Following the completion of the BP Transaction, Renewables and the Company continue to procure RNG from BP under a long-term supply contract (the “BP Supply Agreement”) and from other RNG suppliers, and resell such RNG through the Company’s natural gas fueling infrastructure as Redeem, the Company’s RNG vehicle fuel. On October 1, 2018, Renewables and BP amended the BP Supply Agreement to extend the term and add additional RNG supply. BP and Renewables share in the RINs and LCFS Credits generated from the increased RNG supply sold through the Company’s vehicle fueling infrastructure and to other customers. See Note 2 for information on revenue recognition of these credits.

SAFE&CEC S.r.l.

On November 26, 2017, the Company, through its former subsidiary, CEC, entered into an investment agreement with Landi Renzo S.p.A. (“LR”), an alternative fuels company based in Italy. Pursuant to the investment agreement, the Company and LR agreed to combine their respective natural gas compressor subsidiaries, CEC and SAFE S.p.A, in a new company known as “SAFE&CEC S.r.l.” (such combination transaction is referred to as the “CEC Combination”). SAFE&CEC S.r.l. is focused on manufacturing, selling and servicing natural gas fueling compressors and related equipment for the global natural gas fueling market. Upon the closing of the CEC Combination on December 29, 2017, the Company owns 49% of SAFE&CEC S.r.l. and LR owns 51% of SAFE&CEC S.r.l.

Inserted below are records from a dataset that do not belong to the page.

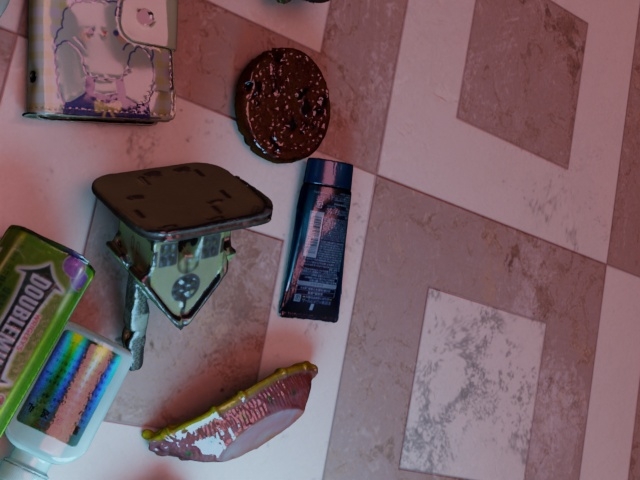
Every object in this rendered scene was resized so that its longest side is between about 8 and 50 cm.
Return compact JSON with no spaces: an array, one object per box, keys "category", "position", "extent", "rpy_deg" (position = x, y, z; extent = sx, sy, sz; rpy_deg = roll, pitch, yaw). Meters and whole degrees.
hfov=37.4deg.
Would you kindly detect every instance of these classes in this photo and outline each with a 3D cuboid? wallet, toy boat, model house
[{"category":"wallet","position":[-0.313,-0.323,1.356],"extent":[0.223,0.077,0.310],"rpy_deg":[1,89,-33]},{"category":"toy boat","position":[-0.114,0.268,1.460],"extent":[0.317,0.099,0.141],"rpy_deg":[-20,140,-35]},{"category":"model house","position":[-0.208,0.049,1.379],"extent":[0.218,0.205,0.279],"rpy_deg":[-13,124,-35]}]

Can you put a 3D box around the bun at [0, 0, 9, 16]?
[{"category":"bun","position":[-0.477,-0.332,1.207],"extent":[0.172,0.120,0.173],"rpy_deg":[0,86,-2]}]

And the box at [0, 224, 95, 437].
[{"category":"box","position":[-0.422,0.149,1.196],"extent":[0.134,0.097,0.346],"rpy_deg":[30,61,-9]}]

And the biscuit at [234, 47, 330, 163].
[{"category":"biscuit","position":[-0.060,-0.221,1.553],"extent":[0.192,0.049,0.192],"rpy_deg":[-3,96,-34]}]

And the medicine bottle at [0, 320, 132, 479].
[{"category":"medicine bottle","position":[-0.358,0.232,1.282],"extent":[0.121,0.083,0.229],"rpy_deg":[28,69,-11]}]

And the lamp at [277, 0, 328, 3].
[{"category":"lamp","position":[-0.032,-0.446,1.525],"extent":[0.135,0.157,0.156],"rpy_deg":[-40,78,5]}]

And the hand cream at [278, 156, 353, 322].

The Company accounts for its interest in SAFE&CEC S.r.l. using the equity method of accounting because the Company does not control but has the ability to exercise significant influence over SAFE&CEC S.r.l.’s operations. The fair value of the CEC Combination was determined using the income valuation approach. Under the income approach, the Company used a discounted cash flow model (“DCF”) in which cash flows anticipated over several periods, plus a terminal value at the end of that time horizon, are discounted to their present value using an appropriate expected discount rate. The discount rate used for cash flows reflects capital market conditions and the specific risks associated with the business. This valuation approach is considered a Level 3 fair value measurement. If actual results, market and economic conditions, including interest rates, and other factors are not consistent with management’s estimates and assumptions used in this calculation, the Company may be exposed to additional impairment losses.

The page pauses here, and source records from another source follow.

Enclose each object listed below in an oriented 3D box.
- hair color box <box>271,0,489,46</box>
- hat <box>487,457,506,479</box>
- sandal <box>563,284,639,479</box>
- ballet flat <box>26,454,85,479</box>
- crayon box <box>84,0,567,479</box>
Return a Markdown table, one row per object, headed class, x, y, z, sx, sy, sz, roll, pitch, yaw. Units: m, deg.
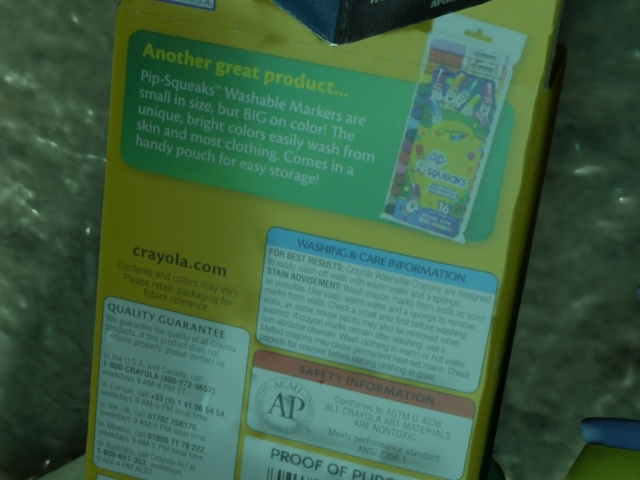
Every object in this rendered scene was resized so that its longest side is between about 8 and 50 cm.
| class | x | y | z | sx | sy | sz | roll | pitch | yaw |
| --- | --- | --- | --- | --- | --- | --- | --- | --- | --- |
| hair color box | 0.062 | -0.246 | 0.411 | 0.105 | 0.174 | 0.347 | 42 | 140 | 32 |
| hat | -0.011 | 0.164 | 0.876 | 0.208 | 0.183 | 0.173 | -38 | 130 | -7 |
| sandal | 0.272 | 0.071 | 0.639 | 0.317 | 0.138 | 0.126 | -1 | 171 | 5 |
| ballet flat | -0.123 | 0.201 | 0.841 | 0.139 | 0.139 | 0.400 | 49 | 164 | -19 |
| crayon box | 0.000 | 0.000 | 0.665 | 0.203 | 0.083 | 0.323 | 13 | 114 | 11 |
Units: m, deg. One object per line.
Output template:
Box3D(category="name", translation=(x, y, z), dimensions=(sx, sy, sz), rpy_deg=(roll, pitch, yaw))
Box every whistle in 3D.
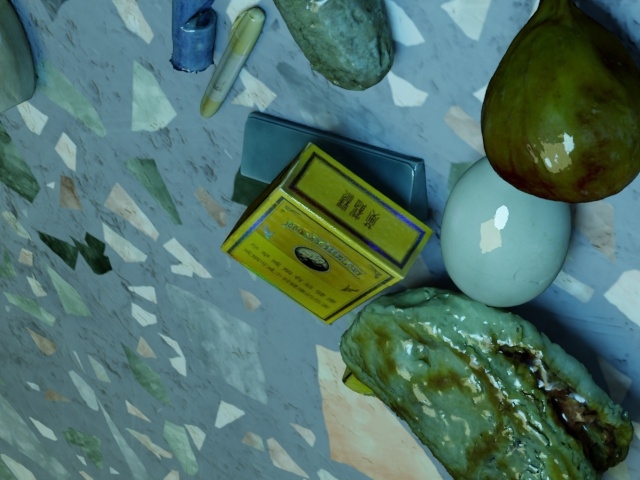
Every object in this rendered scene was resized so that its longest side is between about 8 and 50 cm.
Box3D(category="whistle", translation=(-0.156, -0.341, 1.748), dimensions=(0.062, 0.062, 0.304), rpy_deg=(30, 141, 19))

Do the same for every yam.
Box3D(category="yam", translation=(-0.006, -0.312, 1.585), dimensions=(0.133, 0.133, 0.330), rpy_deg=(4, 132, 41))

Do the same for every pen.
Box3D(category="pen", translation=(-0.121, -0.232, 1.848), dimensions=(0.040, 0.032, 0.233), rpy_deg=(61, 147, 16))

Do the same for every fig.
Box3D(category="fig", translation=(0.274, -0.183, 1.451), dimensions=(0.191, 0.191, 0.290), rpy_deg=(22, 103, 27))

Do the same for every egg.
Box3D(category="egg", translation=(0.216, -0.015, 1.640), dimensions=(0.151, 0.151, 0.209), rpy_deg=(27, 139, 22))

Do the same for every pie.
Box3D(category="pie", translation=(0.193, 0.210, 1.828), dimensions=(0.418, 0.180, 0.395), rpy_deg=(36, 159, 14))

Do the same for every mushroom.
Box3D(category="mushroom", translation=(-0.480, -0.281, 2.086), dimensions=(0.108, 0.096, 0.247), rpy_deg=(23, 134, 27))

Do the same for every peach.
Box3D(category="peach", translation=(0.066, 0.188, 2.061), dimensions=(0.077, 0.050, 0.083), rpy_deg=(5, 147, 30))

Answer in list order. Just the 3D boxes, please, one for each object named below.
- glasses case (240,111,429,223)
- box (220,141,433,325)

The CEC Combination resulted in a loss of $6.5 million, which was recorded in “Loss from formation of equity method investment” in the accompanying consolidated statements of operations for the year ended December 31, 2017. The Company incurred working capital adjustments, funding for certain post-closing commitments, and transaction fees, of which $3.3 million and $1.0 million was unpaid and recorded in “Accrued liabilities” in the accompanying consolidated balance sheets as of December 31, 2018 and 2019, respectively. Included in this loss amount is goodwill of $3.6 million that was allocated to the disposed assets based on the relative fair values of those assets and the portion of the reporting unit that was retained. Prior to the CEC Combination, CEC had a pre-tax loss of $45.1 million for fiscal year 2017.

Subsequent to December 29, 2017, the Company recorded an increase of $1.2 million in anticipated relocation expenses under the investment agreement in “Accrued liabilities” in the accompanying consolidated balance sheet as of December 31, 2018 and in “Loss from formation of equity method investment” in the accompanying consolidated statements of operations for the year ended December 31, 2018. The Company recorded income (loss) from this investment of $(2.9) million and $0.0 million for the years ended December 31, 2018 and 2019, respectively. The Company had an investment balance in SAFE&CEC S.r.l. of $23.4 million and $23.7 million as of December 31, 2018 and 2019, respectively.

The Company determined that the CEC Combination did not meet the definition of a discontinued operation because the disposal did not represent a strategic shift that will have a major effect on the Company’s operations and financial results.